**WORK TASK:** Using the material below, work out how many lines contain the word "please". Reply with the number and nothing more.

**DATA TO PROCESS:**

========

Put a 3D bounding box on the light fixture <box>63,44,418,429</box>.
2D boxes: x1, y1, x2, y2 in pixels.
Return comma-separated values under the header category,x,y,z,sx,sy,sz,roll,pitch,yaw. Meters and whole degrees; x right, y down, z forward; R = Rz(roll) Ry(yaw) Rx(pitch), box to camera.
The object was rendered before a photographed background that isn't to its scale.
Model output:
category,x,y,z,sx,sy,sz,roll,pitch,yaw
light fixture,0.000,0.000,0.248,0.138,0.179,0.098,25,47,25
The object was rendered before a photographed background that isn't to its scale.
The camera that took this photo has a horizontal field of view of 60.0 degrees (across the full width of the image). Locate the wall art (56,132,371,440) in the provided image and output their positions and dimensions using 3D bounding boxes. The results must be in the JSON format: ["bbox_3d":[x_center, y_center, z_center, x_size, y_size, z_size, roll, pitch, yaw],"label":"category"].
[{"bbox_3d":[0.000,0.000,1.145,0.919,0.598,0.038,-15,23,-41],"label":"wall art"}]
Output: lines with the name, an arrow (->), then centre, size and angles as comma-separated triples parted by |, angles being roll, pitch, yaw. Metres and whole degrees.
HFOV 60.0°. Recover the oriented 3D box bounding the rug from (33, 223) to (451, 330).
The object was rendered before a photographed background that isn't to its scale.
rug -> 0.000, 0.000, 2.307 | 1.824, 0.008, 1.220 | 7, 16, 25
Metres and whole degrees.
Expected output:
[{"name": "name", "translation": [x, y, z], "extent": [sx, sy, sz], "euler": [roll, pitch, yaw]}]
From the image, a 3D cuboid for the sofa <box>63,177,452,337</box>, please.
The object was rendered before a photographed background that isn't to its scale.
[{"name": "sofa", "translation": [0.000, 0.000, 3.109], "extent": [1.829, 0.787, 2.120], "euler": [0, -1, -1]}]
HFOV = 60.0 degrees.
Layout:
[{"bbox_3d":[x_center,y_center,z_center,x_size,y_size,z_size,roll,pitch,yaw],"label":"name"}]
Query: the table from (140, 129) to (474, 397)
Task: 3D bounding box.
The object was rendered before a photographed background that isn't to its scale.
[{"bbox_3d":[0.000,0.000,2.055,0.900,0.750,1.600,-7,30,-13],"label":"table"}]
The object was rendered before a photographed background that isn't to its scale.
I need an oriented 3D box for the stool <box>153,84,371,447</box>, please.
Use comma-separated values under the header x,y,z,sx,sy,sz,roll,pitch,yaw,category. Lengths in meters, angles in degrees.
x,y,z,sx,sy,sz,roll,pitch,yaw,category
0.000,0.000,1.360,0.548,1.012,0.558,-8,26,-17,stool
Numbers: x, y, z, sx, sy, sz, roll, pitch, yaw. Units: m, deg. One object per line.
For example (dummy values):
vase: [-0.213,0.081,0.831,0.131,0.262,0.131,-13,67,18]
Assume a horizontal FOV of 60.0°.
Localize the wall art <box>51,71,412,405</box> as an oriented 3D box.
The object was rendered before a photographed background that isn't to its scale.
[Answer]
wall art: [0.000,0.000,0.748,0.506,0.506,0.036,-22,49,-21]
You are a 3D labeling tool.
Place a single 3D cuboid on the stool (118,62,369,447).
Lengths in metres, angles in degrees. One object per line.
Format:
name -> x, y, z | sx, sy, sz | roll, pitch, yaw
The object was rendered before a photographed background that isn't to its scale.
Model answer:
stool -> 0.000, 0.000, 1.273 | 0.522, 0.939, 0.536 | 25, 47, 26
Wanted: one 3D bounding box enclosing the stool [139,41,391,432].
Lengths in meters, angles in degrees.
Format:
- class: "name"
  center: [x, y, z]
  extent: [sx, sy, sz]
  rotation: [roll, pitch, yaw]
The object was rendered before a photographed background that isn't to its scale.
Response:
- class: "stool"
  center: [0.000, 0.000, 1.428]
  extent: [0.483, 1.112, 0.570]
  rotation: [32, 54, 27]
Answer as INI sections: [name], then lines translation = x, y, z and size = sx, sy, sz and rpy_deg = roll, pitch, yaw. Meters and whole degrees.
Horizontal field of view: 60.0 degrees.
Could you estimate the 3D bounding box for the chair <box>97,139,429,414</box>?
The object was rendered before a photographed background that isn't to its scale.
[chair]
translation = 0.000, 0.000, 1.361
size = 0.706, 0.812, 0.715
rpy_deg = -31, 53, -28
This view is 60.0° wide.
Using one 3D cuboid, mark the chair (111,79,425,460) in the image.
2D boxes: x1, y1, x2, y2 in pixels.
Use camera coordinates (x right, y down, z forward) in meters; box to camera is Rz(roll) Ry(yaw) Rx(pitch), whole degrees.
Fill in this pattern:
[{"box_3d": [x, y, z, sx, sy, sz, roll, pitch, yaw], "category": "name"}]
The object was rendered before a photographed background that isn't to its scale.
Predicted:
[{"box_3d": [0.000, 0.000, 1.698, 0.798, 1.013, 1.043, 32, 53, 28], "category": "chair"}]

========

**OUTPUT OF THE TASK:** 2